The next day, they head toward the next town. Taylor says that they should pull over and rest. They spend the night together and in the morning, Sophie attempts to text Alex. The phone in Taylor's pocket lights up. The next morning, Sophie claims that Ingrid texted her to meet them at Katherine Gorge. Taylor and Sophie start arguing, and he begins menacing Sophie, further agitating her. She runs off, and Taylor follows her. She then dashes to the vehicle, Taylor still in pursuit. Sophie successfully gets in the car locking Taylor locked out. He attempts to punch and kick the window in. Sophie drives into Taylor, with him sliding off to the side, which pops open the back door open. The lifeless body of Alex in a sleeping bag falls out. Sophie stops in horror, allowing Taylor to jump in the back. She continues driving, with Taylor attempting to unscrew the wire mesh that separates them, and arguing that she has no romantic feelings for him.

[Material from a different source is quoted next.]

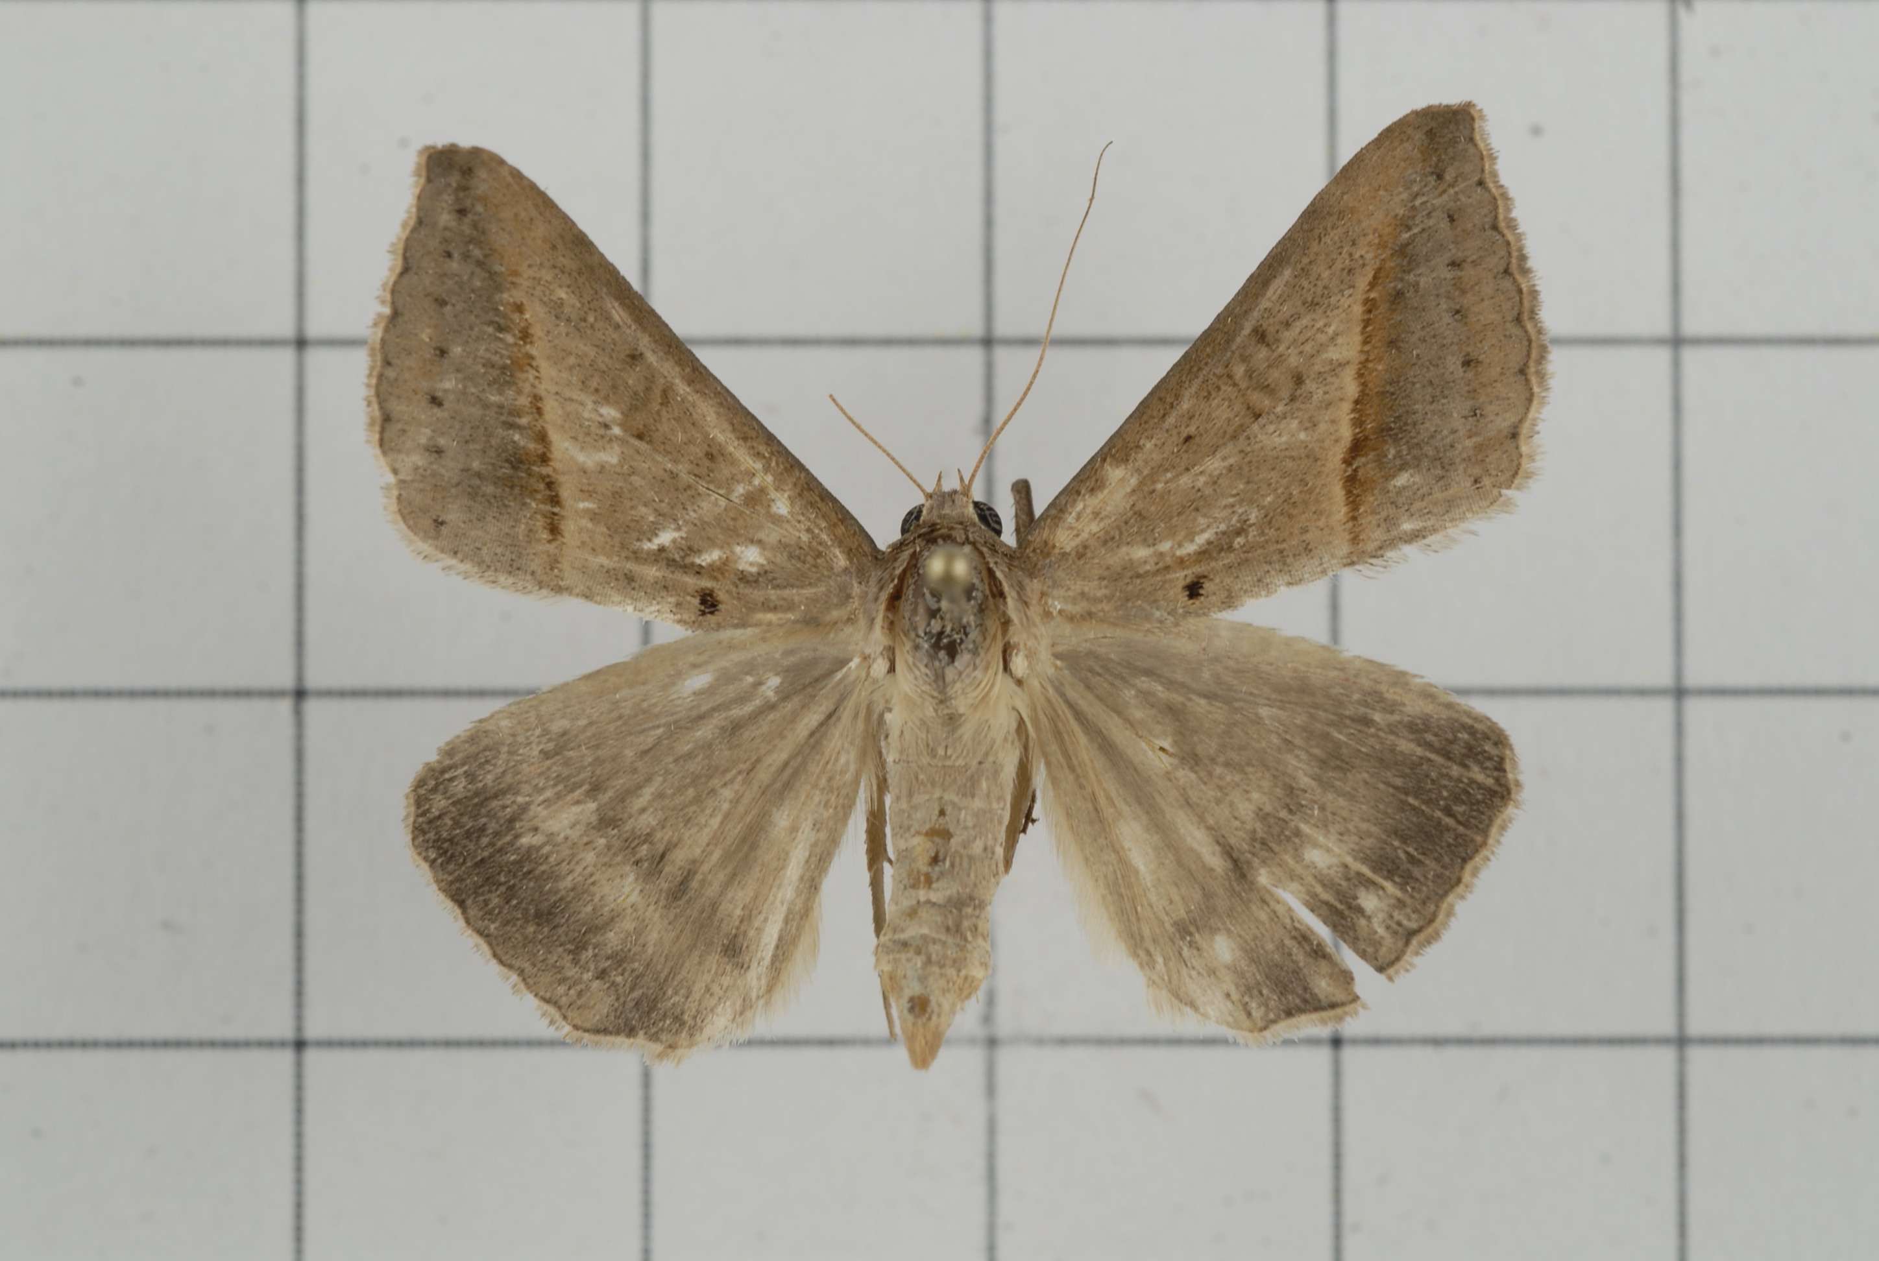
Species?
Mocis frugalis
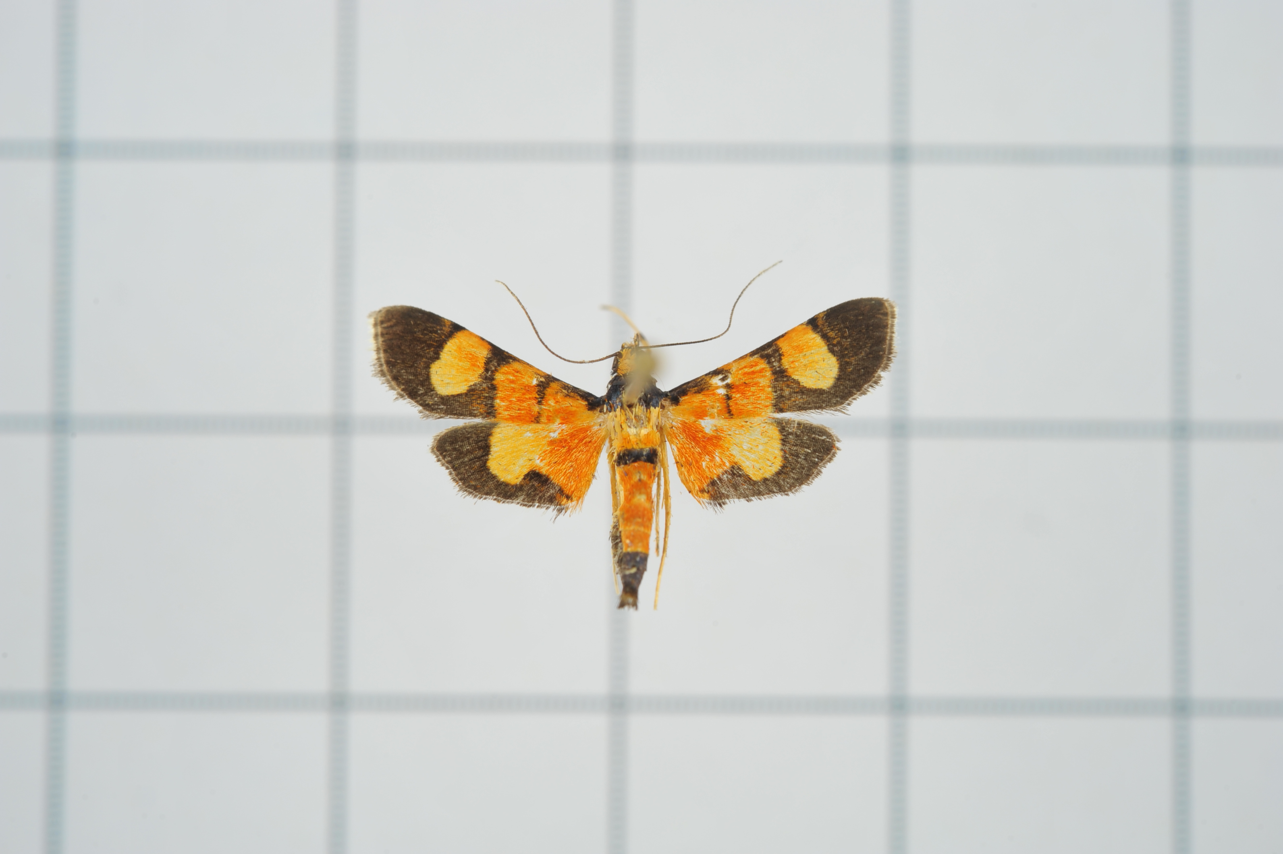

After loosening a side of the mesh, he attempts to enter the cab and Sophie slams the brakes with the wire mesh edges piercing him. She accelerates and brakes repeatedly, further ripping him open, before he falls out of the car. She looks back and he gets up, still alive. She then accelerates backwards and fatally rams him, before driving on, sobbing.

==Cast==
- Shaun Evans as Alex
- Scott Mechlowicz as Taylor
- Amelia Warner as Sophie
- Yvonne Strzechowski as Sondra
- Victoria Thaine as Lena
- Zoe Tuckwell-Smith as Ingrid

==Production==
The film was shot in several locations in New South Wales and Queensland, Australia. Outback scenes were filmed near the towns of Longreach and Winton on the extensive "black soil" plains of western Queensland.

==Release==
===Box office===
Gone grossed $88,748 at the Australian box office.

===Critical reception===
The film has a 54% approval rating on the review aggregator Rotten Tomatoes based on 13 reviews, with an average score of 5.65/10.